I didn't say that there are no simillarities, absoluely oposite, there are simillarities, but they through the ages, changed their meaning... Our two languages are simillar, adn anyone who says different is lying.

----------


## Slawnik

" Још пут хвала"  I wanted to say " Thanks ones more"  One of the main difference between serbian and russian is in infinitive. We say Я хочу спросить but serbian say Ја хоћу да питам.

----------


## Vlacko

*"Thanks ones more"* could be translated *Хвала још једном!* or more poetical *Још једном хвала!* 
Yes it is, and the absense of auxilliary verb in Russian.

----------


## Slawnik

So, if you have some questions about russian leave me a private message or ask right here. I will the same (about serbian).

----------


## Vlacko

OK!  ::

----------


## djmihow

all slavik languages have some close words.. 
I was suprised that "kino" is in a lot of languages.  
do Serb, Bos, and Croation use KAK? I know Russian does, and Polish uses Yak. 
I know Godzina is in Bosnian as well for hour?

----------


## TATY

> all slavik languages have some close words.. 
> I was suprised that "kino" is in a lot of languages.  
> do Serb, Bos, and Croation use KAK? I know Russian does, and Polish uses Yak. 
> I know Godzina is in Bosnian as well for hour?

 Ukrainian uses Як

----------


## Slawnik

Serbian, Bosnian and croatin use KAK as both KAO and KAKO.

----------


## Stjepan

> all slavik languages have some close words.. 
> I was suprised that "kino" is in a lot of languages.

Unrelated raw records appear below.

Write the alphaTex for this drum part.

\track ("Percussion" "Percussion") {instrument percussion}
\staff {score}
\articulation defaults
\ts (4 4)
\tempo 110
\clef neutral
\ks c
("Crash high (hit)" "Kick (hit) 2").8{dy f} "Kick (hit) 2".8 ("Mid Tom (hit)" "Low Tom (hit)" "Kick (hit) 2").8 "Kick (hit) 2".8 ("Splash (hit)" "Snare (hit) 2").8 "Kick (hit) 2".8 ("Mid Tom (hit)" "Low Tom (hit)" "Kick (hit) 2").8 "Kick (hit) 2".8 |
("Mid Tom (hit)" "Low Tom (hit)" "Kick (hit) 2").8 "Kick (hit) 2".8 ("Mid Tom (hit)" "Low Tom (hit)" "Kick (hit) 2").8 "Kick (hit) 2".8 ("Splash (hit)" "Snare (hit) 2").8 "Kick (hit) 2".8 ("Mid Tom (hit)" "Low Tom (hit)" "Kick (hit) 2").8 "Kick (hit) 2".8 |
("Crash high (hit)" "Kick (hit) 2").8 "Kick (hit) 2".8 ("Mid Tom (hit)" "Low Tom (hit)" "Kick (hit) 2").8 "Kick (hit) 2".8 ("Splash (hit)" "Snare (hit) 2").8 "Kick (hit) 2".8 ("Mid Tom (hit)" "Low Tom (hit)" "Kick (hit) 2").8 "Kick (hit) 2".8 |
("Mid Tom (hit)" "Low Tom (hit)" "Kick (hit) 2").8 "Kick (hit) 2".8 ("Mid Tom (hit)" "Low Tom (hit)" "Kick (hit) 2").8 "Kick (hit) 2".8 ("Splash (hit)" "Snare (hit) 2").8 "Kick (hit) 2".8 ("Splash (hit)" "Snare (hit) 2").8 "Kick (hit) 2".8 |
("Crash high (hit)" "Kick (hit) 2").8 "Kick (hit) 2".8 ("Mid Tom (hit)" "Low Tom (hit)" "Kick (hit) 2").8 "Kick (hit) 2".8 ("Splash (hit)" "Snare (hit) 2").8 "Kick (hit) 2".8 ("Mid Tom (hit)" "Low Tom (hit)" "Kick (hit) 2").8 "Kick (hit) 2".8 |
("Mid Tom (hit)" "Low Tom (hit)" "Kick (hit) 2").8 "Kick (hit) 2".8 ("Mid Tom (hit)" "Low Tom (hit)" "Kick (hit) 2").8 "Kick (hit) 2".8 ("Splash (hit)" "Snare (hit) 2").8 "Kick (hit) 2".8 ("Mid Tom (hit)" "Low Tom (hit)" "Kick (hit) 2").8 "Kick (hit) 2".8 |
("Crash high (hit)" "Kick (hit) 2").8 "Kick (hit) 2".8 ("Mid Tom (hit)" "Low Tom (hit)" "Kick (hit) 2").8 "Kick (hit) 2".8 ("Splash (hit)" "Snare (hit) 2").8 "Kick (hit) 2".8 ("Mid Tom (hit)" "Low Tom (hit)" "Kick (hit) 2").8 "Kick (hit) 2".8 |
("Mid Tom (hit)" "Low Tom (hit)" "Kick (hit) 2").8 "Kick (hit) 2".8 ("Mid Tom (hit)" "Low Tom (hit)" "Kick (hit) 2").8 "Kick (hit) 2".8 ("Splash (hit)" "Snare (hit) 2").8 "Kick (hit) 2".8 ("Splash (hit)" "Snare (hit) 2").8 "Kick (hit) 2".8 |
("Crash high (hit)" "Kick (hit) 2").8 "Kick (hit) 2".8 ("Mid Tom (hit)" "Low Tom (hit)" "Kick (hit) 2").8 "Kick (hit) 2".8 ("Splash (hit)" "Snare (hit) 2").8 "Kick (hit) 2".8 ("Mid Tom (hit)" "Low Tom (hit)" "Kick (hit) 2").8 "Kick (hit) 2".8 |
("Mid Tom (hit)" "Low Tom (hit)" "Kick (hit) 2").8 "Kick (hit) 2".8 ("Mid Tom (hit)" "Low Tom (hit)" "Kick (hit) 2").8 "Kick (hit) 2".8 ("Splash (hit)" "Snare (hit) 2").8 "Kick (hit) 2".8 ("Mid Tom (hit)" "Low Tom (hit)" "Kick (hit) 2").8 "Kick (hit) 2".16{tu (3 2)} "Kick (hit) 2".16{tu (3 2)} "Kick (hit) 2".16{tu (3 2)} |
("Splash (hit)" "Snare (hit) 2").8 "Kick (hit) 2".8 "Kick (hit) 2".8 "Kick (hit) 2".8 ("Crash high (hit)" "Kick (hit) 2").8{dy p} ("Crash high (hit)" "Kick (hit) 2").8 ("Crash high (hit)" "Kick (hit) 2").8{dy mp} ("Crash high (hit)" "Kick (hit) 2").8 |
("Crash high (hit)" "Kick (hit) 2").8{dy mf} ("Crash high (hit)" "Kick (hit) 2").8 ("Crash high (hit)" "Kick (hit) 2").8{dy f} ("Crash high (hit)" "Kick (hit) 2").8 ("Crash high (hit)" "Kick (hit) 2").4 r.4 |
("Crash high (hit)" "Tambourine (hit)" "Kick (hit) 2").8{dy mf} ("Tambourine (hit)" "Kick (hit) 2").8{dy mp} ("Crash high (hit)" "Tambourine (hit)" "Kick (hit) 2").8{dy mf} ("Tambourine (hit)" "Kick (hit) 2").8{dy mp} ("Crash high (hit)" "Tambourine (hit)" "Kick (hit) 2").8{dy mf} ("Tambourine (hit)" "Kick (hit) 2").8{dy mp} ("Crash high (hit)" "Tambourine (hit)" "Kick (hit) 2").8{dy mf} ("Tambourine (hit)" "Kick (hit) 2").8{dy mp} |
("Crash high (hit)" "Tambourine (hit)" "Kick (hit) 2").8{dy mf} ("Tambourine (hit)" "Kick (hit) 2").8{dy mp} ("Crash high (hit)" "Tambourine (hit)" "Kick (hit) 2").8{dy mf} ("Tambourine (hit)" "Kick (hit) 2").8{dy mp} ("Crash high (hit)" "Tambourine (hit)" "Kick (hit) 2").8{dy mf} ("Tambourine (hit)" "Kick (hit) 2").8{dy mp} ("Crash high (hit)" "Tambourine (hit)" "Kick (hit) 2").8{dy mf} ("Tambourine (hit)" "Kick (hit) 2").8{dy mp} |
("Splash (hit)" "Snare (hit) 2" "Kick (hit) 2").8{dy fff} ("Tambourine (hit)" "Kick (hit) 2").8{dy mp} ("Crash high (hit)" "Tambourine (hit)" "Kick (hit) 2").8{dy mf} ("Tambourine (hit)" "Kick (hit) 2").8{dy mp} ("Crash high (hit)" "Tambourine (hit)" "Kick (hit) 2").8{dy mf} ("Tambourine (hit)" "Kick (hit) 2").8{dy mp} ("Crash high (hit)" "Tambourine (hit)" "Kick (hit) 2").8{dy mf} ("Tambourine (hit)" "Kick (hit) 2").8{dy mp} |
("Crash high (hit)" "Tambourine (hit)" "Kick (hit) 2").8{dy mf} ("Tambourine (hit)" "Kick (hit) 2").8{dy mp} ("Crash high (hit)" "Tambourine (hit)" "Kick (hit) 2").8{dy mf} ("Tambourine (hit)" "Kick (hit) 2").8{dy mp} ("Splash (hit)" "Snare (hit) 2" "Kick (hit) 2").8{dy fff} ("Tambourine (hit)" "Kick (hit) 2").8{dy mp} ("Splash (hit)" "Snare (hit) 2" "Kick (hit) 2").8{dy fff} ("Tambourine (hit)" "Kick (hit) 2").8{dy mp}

 Yes, many languages have kino.  I think the word is originally german though.    

> I know Godzina is in Bosnian as well for hour?

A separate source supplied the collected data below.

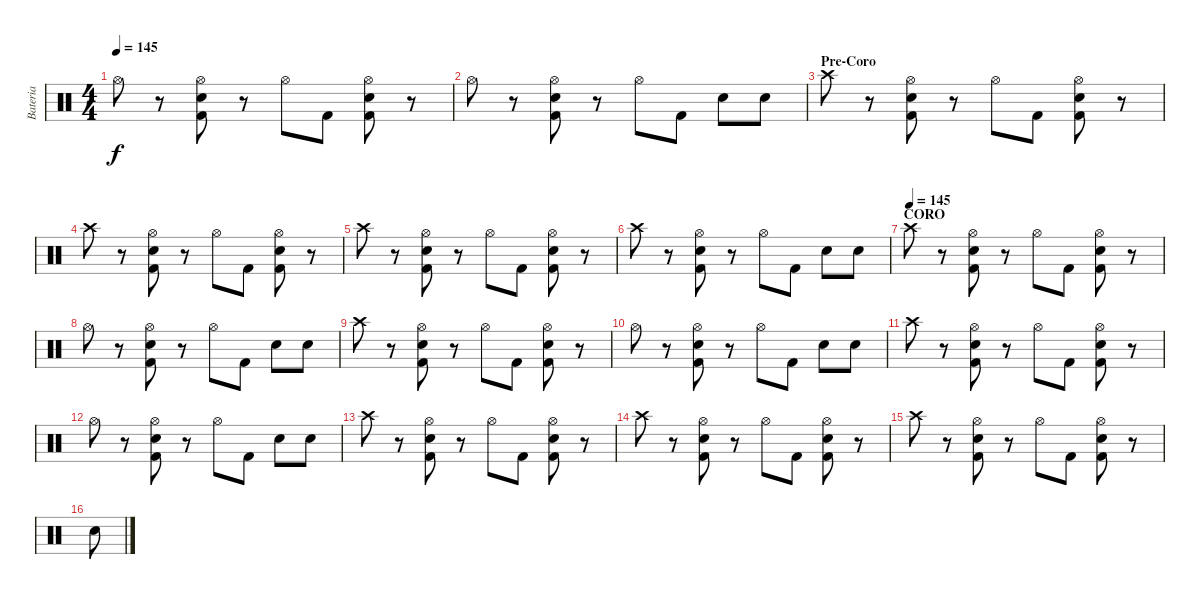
\track ("Bateria" "Bateria") {instrument percussion}
\staff {score}
\articulation defaults
\ts (4 4)
\tempo 145
\clef neutral
\ks c "Hi-Hat (open)".8{dy f}
r.8 ("Hi-Hat (open)" "Electric Snare (hit)" "Kick (hit) 2").8 r.8 "Hi-Hat (open)".8 "Kick (hit) 2".8 ("Hi-Hat (open)" "Electric Snare (hit)" "Kick (hit) 2").8 r.8 |
"Hi-Hat (open)".8 r.8 ("Hi-Hat (open)" "Electric Snare (hit)" "Kick (hit) 2").8 r.8 "Hi-Hat (open)".8 "Kick (hit) 2".8 "Electric Snare (hit)".8 "Electric Snare (hit)".8 |
\section ("" "Pre-Coro")
"Crash high (hit)".8 r.8 ("Hi-Hat (open)" "Electric Snare (hit)" "Kick (hit) 2").8 r.8 "Hi-Hat (open)".8 "Kick (hit) 2".8 ("Hi-Hat (open)" "Electric Snare (hit)" "Kick (hit) 2").8 r.8 |
"Crash high (hit)".8 r.8 ("Hi-Hat (open)" "Electric Snare (hit)" "Kick (hit) 2").8 r.8 "Hi-Hat (open)".8 "Kick (hit) 2".8 ("Hi-Hat (open)" "Electric Snare (hit)" "Kick (hit) 2").8 r.8 |
"Crash high (hit)".8 r.8 ("Hi-Hat (open)" "Electric Snare (hit)" "Kick (hit) 2").8 r.8 "Hi-Hat (open)".8 "Kick (hit) 2".8 ("Hi-Hat (open)" "Electric Snare (hit)" "Kick (hit) 2").8 r.8 |
"Crash high (hit)".8 r.8 ("Hi-Hat (open)" "Electric Snare (hit)" "Kick (hit) 2").8 r.8 "Hi-Hat (open)".8 "Kick (hit) 2".8 "Electric Snare (hit)".8 "Electric Snare (hit)".8 |
\section ("" "CORO")
\tempo (145)
"Crash high (hit)".8 r.8 ("Hi-Hat (open)" "Electric Snare (hit)" "Kick (hit) 2").8 r.8 "Hi-Hat (open)".8 "Kick (hit) 2".8 ("Hi-Hat (open)" "Electric Snare (hit)" "Kick (hit) 2").8 r.8 |
"Hi-Hat (open)".8 r.8 ("Hi-Hat (open)" "Electric Snare (hit)" "Kick (hit) 2").8 r.8 "Hi-Hat (open)".8 "Kick (hit) 2".8 "Electric Snare (hit)".8 "Electric Snare (hit)".8 |
"Crash high (hit)".8 r.8 ("Hi-Hat (open)" "Electric Snare (hit)" "Kick (hit) 2").8 r.8 "Hi-Hat (open)".8 "Kick (hit) 2".8 ("Hi-Hat (open)" "Electric Snare (hit)" "Kick (hit) 2").8 r.8 |
"Hi-Hat (open)".8 r.8 ("Hi-Hat (open)" "Electric Snare (hit)" "Kick (hit) 2").8 r.8 "Hi-Hat (open)".8 "Kick (hit) 2".8 "Electric Snare (hit)".8 "Electric Snare (hit)".8 |
"Crash high (hit)".8 r.8 ("Hi-Hat (open)" "Electric Snare (hit)" "Kick (hit) 2").8 r.8 "Hi-Hat (open)".8 "Kick (hit) 2".8 ("Hi-Hat (open)" "Electric Snare (hit)" "Kick (hit) 2").8 r.8 |
"Hi-Hat (open)".8 r.8 ("Hi-Hat (open)" "Electric Snare (hit)" "Kick (hit) 2").8 r.8 "Hi-Hat (open)".8 "Kick (hit) 2".8 "Electric Snare (hit)".8 "Electric Snare (hit)".8 |
"Crash high (hit)".8 r.8 ("Hi-Hat (open)" "Electric Snare (hit)" "Kick (hit) 2").8 r.8 "Hi-Hat (open)".8 "Kick (hit) 2".8 ("Hi-Hat (open)" "Electric Snare (hit)" "Kick (hit) 2").8 r.8 |
"Crash high (hit)".8 r.8 ("Hi-Hat (open)" "Electric Snare (hit)" "Kick (hit) 2").8 r.8 "Hi-Hat (open)".8 "Kick (hit) 2".8 ("Hi-Hat (open)" "Electric Snare (hit)" "Kick (hit) 2").8 r.8 |
"Crash high (hit)".8 r.8 ("Hi-Hat (open)" "Electric Snare (hit)" "Kick (hit) 2").8 r.8 "Hi-Hat (open)".8 "Kick (hit) 2".8 ("Hi-Hat (open)" "Electric Snare (hit)" "Kick (hit) 2").8 r.8 |
"Electric Snare (hit)".8

 "Godina" is year in Croatian, Bosnian, and Serbian.  Hour is "sat".  In the dialect of Croatian that my family speaks we also say "ura".  Comes from the italian word "hora"

----------


## djmihow

> Originally Posted by djmihow  all slavik languages have some close words.. 
> I was suprised that "kino" is in a lot of languages.   Yes, many languages have kino.  I think the word is originally german though.      
> 			
> 				I know Godzina is in Bosnian as well for hour?
> 			
> 		  "Godina" is year in Croatian, Bosnian, and Serbian.  Hour is "sat".  In the dialect of Croatian that my family speaks we also say "ura".  Comes from the italian word "hora"

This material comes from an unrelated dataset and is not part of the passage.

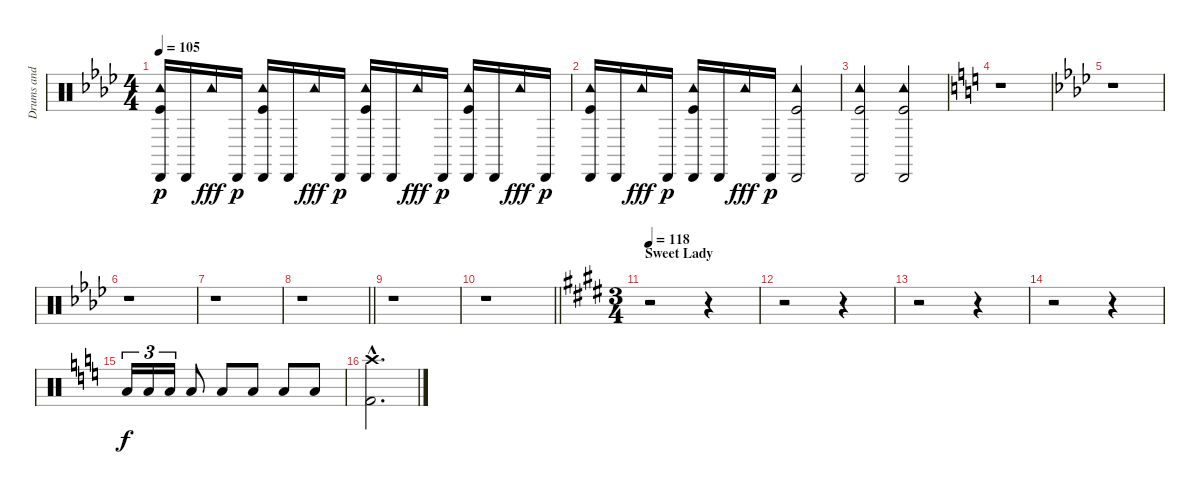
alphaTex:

 Thanks for clearing that up, it's pretty neat/weird/amazing how languages change stuff as they move away... 
Might I ask how you say "Yes" , "No"  "Thank you" and "Your Welcome?"

----------


## Antono

Stjepan, "Kino" is in German the short form of "Kinematograph" (nobody uses Kinomatograph anymore, it's from the 19th century  ::  )) and it derived from the Greek genitive form of "kinema" (movement) => "kinematos", and from the Greek word "graphein" (to write).

----------


## Stjepan

> Might I ask how you say "Yes" , "No"  "Thank you" and "Your Welcome?"

 Yes - Da
No - Ne
Thank you - Hvala
You're welcome - Nema na čemu or molim.  Molim has a other uses too, like saying please and literally means more like "I beg" but you say it after someone says hvala to you, like "your welcome" in english..  It's kind of like German bitte.

----------


## Vlacko

> Serbian, Bosnian and croatin use KAK as both KAO and KAKO.

 No, Serbian, Bosnian and Croatian don't use KAK!

----------


## Antono

That's what he has said.  ::

----------


## Vlacko

Oh...yes, thanks Antono.  ::

----------


## buso

Hi Valcko,
can I ask you just a little thing??
what's the meaning of the three fingers? do you understand what I mean?
thank you?

----------


## Vlacko

Three fingers symbolizes freedom. Three fingers, make F. F like freedom.

----------


## buso

great Vlacko thank you very much

----------